Chris Robinson

Personal information
- Born: April 2, 1974 (age 51) Columbus, Georgia, U.S.
- Listed height: 6 ft 5 in (1.96 m)
- Listed weight: 200 lb (91 kg)

Career information
- High school: Southwest Magnet (Macon, Georgia)
- College: Western Kentucky (1992–1996)
- NBA draft: 1996: 2nd round, 51st overall pick
- Drafted by: Vancouver Grizzlies
- Playing career: 1996–2005
- Position: Shooting guard / small forward
- Number: 5

Career history
- 1996–1998: Vancouver Grizzlies
- 1998: Sacramento Kings
- 1999: Sioux Falls Skyforce
- 1999–2000: La Crosse Bobcats
- 2001: Gaiteros del Zulia
- 2001: North Charleston Lowgators
- 2002: Huntsville Flight
- 2002: SLUC Nancy
- 2002–2003: Verviers-Pepinster
- 2004–2005: Carolina Thunder

Career highlights
- Sun Belt Player of the Year (1995); 3× First-team All-Sun Belt (1994–1996);

Career NBA statistics
- Points: 350 (4.6 ppg)
- Rebounds: 117 (1.5 rpg)
- Assists: 104 (1.4 apg)
- Stats at NBA.com
- Stats at Basketball Reference

= Chris Robinson (basketball) =

American basketball player

Chris Sean Robinson (born April 2, 1974) is an American former professional basketball player who played briefly in the National Basketball Association (NBA). He played college basketball for the Western Kentucky Hilltoppers.

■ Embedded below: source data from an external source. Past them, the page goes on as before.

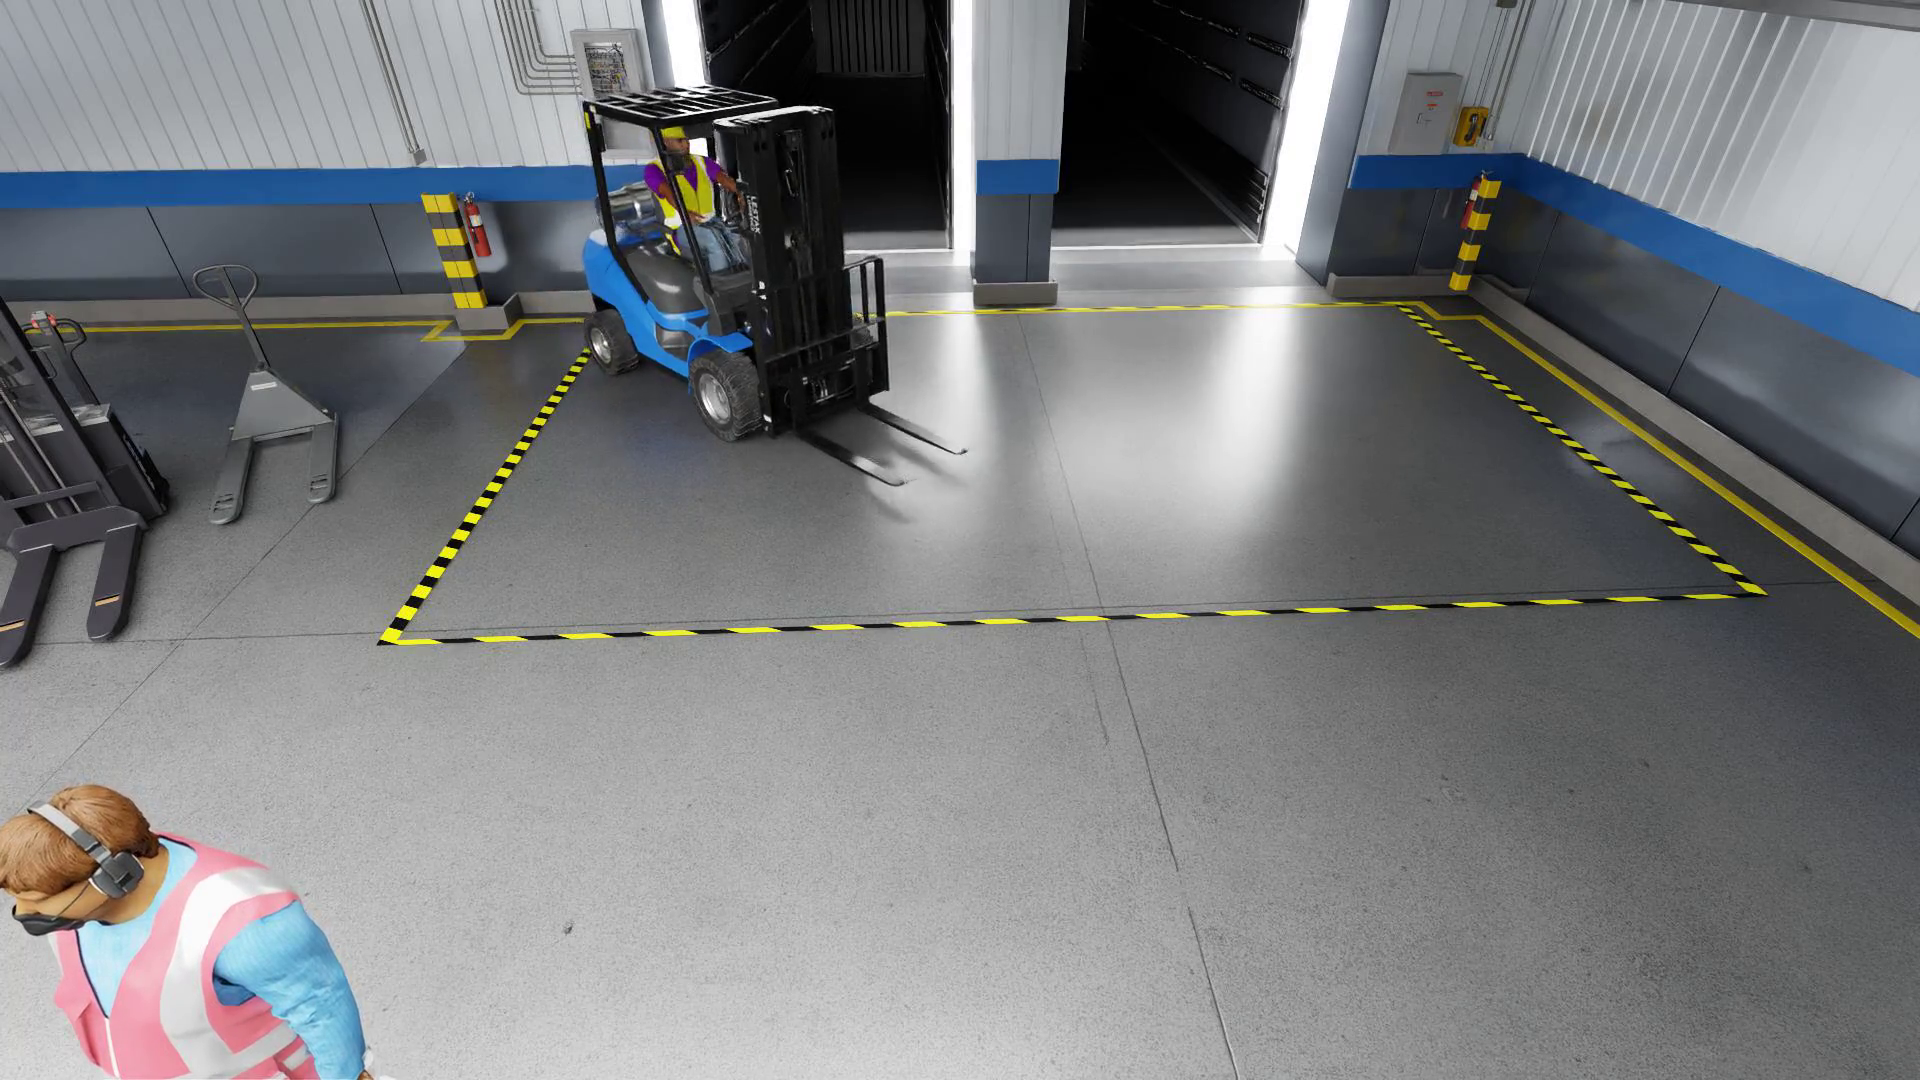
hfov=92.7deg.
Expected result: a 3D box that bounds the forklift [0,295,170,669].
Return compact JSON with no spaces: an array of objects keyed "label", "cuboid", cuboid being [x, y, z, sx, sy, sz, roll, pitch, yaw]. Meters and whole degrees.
[{"label":"forklift","cuboid":[-5.212,-0.618,4.878,0.823,1.965,1.885,-20,39,-26]}]

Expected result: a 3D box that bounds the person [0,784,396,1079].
[{"label":"person","cuboid":[-1.769,1.273,2.295,0.635,1.841,0.429,9,36,13]}]

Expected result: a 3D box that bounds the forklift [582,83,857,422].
[{"label":"forklift","cuboid":[-1.885,-2.272,6.944,2.680,2.036,1.157,29,44,35]}]

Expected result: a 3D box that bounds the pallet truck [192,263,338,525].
[{"label":"pallet truck","cuboid":[-4.778,-1.027,6.128,0.680,1.201,1.601,-17,38,-23]}]

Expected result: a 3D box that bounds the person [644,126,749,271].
[{"label":"person","cuboid":[-1.848,-2.399,6.798,1.004,1.294,0.635,29,44,35]}]

After graduating from Southwest Magnet High School in Macon, Georgia, Robinson attended Western Kentucky University where he averaged 13.8 points per game over four seasons.

He was selected by the Vancouver Grizzlies with the 51st overall pick in the 1996 NBA draft. As a rookie for the Grizzlies, Robinson appeared in 41 games of the 1996–97 NBA season (six as a starter), averaging 4.6 points per game.